**Your task**
Copy each line of the records below that mentions the word "view".

**Data**

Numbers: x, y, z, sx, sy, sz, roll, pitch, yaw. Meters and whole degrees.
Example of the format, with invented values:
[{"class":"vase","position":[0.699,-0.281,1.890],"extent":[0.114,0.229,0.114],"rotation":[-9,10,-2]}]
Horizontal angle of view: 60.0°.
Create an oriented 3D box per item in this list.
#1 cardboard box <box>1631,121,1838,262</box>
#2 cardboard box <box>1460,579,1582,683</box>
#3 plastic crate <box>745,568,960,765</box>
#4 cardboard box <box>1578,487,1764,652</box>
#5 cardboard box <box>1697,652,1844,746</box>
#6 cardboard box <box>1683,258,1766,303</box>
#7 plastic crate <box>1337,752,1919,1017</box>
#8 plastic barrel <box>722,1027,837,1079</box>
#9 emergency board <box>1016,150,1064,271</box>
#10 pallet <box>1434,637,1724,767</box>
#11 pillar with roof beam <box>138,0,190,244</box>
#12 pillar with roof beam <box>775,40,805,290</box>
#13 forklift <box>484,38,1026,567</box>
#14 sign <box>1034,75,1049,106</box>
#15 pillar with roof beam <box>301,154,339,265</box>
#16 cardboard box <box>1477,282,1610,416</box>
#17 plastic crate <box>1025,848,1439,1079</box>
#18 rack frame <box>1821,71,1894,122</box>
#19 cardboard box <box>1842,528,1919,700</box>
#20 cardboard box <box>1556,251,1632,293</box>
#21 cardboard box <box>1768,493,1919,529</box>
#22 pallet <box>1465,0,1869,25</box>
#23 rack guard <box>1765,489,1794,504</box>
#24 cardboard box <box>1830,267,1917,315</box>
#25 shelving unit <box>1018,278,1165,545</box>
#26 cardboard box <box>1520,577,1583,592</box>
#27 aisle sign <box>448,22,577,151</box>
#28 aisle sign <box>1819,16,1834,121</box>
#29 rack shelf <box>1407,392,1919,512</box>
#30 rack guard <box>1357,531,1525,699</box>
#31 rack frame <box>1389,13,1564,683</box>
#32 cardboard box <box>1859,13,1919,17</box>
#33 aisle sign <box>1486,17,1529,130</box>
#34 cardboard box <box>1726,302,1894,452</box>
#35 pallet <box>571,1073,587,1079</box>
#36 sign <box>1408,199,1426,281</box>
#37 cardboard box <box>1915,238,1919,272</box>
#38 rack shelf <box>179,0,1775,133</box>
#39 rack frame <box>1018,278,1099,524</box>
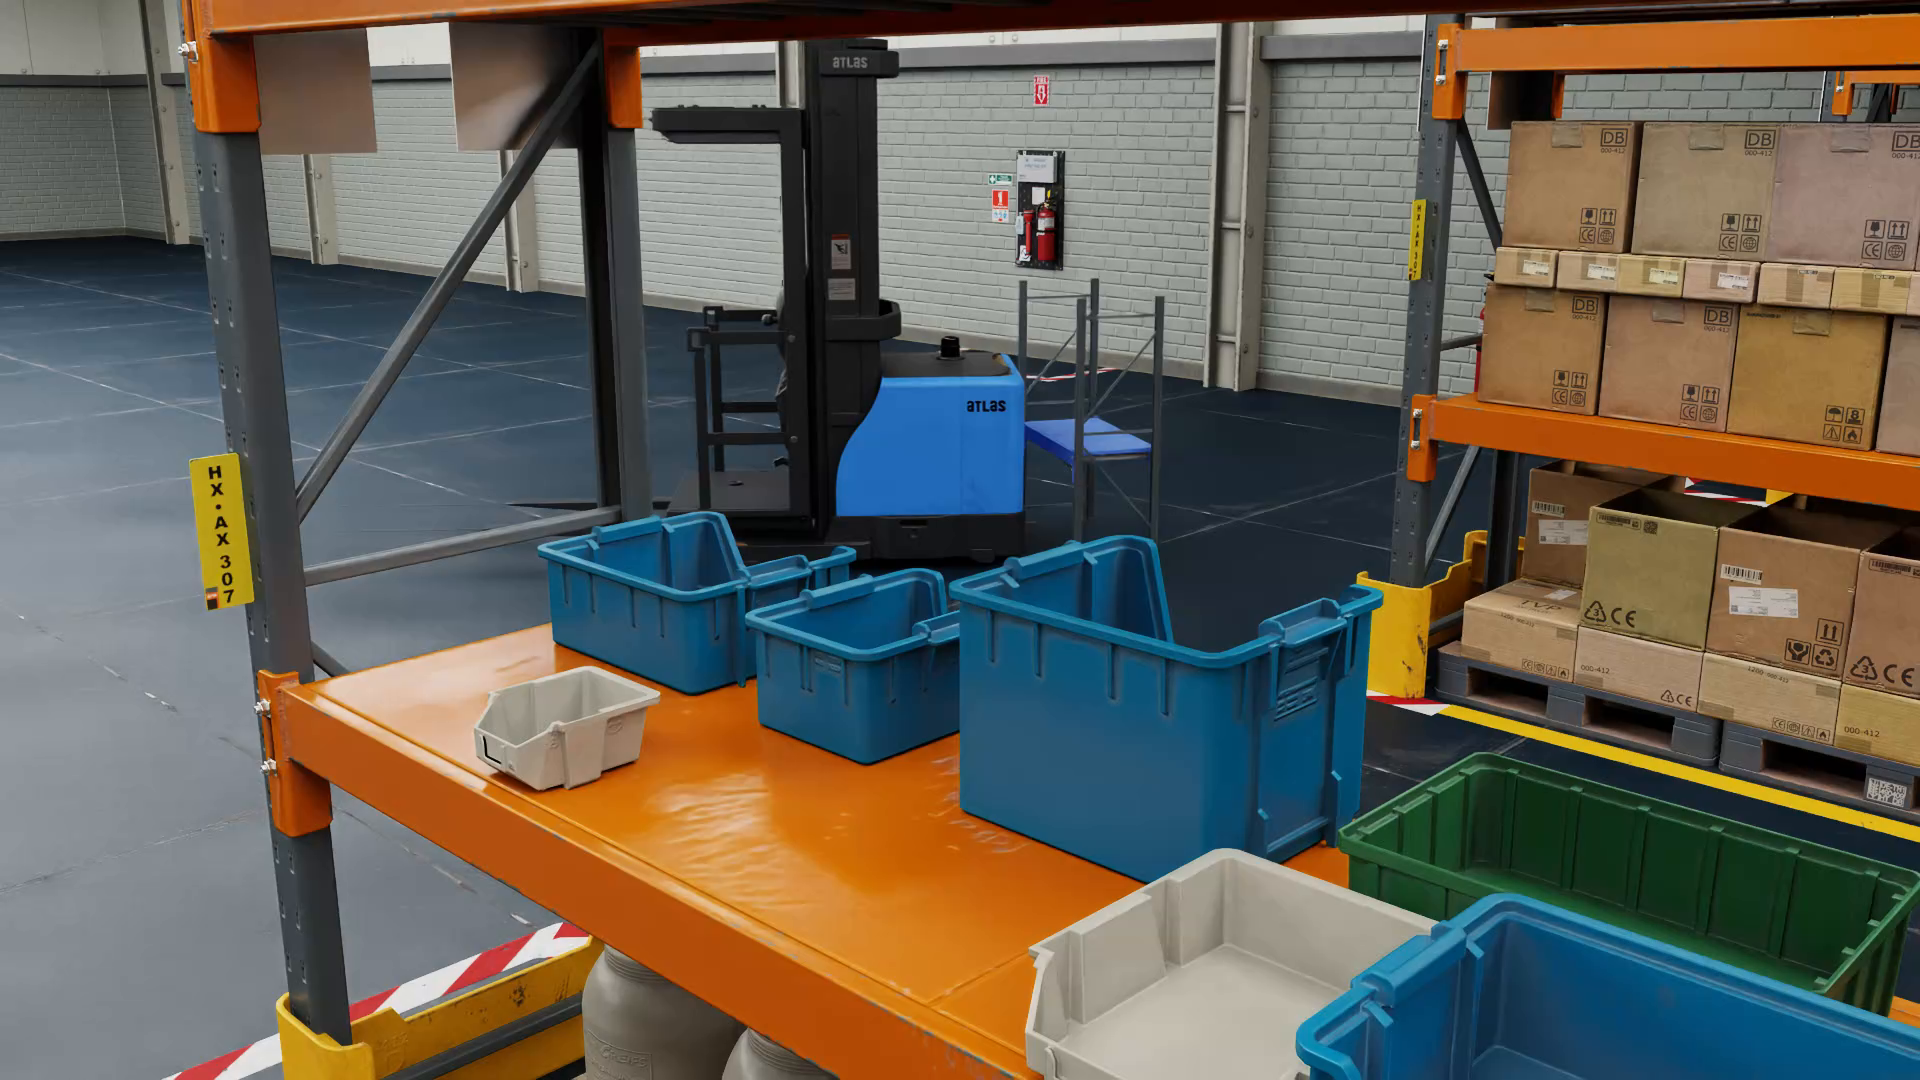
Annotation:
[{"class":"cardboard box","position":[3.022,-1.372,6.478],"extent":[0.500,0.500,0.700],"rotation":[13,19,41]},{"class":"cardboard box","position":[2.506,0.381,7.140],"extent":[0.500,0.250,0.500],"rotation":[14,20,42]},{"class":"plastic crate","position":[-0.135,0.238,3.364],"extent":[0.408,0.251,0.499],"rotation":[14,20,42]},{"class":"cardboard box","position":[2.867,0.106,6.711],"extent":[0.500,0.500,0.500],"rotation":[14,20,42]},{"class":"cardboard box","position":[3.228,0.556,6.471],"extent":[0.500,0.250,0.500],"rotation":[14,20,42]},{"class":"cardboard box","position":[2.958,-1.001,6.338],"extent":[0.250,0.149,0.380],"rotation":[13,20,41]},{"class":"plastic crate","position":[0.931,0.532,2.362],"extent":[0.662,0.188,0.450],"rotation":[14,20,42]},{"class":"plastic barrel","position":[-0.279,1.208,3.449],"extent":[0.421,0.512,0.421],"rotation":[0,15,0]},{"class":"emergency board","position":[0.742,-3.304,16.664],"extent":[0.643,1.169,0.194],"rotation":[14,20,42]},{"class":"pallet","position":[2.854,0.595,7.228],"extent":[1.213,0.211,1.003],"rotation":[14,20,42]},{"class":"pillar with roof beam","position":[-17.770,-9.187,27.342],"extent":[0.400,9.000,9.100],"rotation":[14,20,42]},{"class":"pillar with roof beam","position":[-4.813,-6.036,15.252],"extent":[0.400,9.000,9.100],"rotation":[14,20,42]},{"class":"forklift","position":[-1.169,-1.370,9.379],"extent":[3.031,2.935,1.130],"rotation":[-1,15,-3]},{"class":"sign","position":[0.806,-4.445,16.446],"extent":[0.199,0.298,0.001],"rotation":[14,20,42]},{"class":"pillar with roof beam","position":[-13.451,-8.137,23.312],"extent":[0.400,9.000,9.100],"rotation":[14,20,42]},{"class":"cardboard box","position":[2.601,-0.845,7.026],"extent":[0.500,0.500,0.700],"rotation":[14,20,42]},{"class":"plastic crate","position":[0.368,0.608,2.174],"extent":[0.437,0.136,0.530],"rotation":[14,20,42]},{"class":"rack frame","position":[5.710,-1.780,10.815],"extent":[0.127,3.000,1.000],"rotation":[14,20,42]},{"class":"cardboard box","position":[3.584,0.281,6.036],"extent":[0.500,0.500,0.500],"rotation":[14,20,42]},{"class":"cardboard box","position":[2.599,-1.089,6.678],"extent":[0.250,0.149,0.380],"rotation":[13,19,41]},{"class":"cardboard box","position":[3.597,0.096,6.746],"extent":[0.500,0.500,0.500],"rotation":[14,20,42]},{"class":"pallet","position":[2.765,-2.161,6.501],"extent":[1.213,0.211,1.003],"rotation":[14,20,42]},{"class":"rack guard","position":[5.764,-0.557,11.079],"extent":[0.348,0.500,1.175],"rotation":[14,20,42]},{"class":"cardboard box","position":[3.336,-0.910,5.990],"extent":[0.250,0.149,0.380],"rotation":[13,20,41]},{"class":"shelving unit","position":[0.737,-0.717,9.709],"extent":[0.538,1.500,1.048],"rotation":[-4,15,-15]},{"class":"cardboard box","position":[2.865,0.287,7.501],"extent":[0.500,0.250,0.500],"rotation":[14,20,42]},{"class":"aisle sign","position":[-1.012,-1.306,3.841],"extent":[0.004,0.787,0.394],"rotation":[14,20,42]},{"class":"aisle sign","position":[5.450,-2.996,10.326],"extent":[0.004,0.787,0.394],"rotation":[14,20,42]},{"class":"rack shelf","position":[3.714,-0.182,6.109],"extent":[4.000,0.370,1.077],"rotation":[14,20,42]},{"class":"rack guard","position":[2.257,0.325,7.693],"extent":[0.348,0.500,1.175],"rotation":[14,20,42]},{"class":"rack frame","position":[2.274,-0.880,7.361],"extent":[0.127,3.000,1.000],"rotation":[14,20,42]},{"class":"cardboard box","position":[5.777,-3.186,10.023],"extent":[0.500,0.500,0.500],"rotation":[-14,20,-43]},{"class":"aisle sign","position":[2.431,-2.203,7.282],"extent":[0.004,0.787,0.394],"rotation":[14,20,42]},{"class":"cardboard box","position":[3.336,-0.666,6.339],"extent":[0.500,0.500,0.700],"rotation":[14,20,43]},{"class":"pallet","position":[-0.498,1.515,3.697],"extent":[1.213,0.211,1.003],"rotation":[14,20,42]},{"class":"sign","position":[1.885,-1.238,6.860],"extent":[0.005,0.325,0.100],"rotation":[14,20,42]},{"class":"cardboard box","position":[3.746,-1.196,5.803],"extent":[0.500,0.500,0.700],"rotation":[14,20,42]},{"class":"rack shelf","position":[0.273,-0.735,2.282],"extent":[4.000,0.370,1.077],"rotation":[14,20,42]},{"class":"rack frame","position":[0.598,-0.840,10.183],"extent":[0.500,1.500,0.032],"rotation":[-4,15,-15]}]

--

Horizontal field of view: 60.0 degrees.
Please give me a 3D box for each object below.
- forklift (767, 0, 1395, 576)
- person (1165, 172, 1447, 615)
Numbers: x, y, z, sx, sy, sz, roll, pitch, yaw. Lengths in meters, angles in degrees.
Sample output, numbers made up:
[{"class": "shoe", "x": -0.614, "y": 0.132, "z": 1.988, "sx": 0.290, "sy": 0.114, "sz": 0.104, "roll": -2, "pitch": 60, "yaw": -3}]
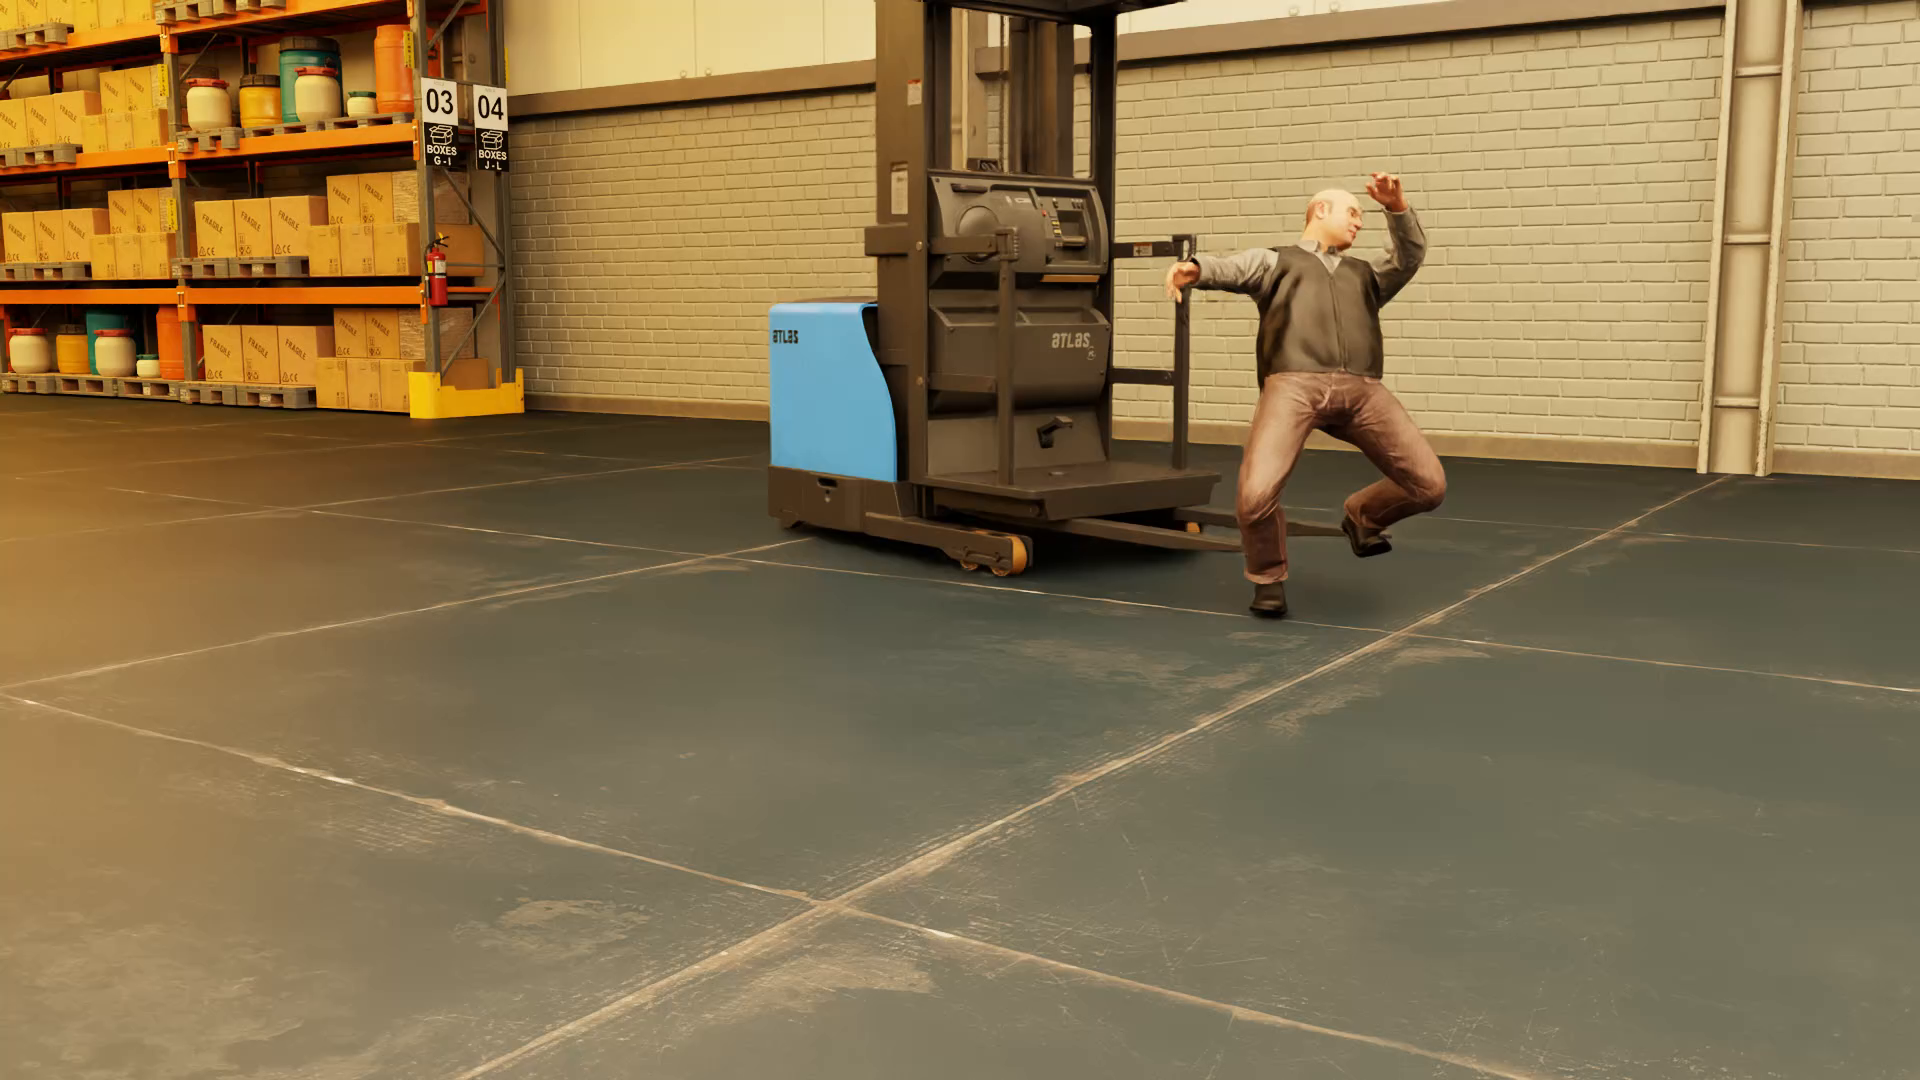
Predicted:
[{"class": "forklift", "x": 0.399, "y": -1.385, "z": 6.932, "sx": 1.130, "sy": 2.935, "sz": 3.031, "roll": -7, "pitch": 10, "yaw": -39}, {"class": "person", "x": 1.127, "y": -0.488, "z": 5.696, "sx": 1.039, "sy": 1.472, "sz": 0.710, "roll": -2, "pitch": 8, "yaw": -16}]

**Solution below**
Horizontal angle of view: 60.0°.
Horizontal field of view: 60.0 degrees.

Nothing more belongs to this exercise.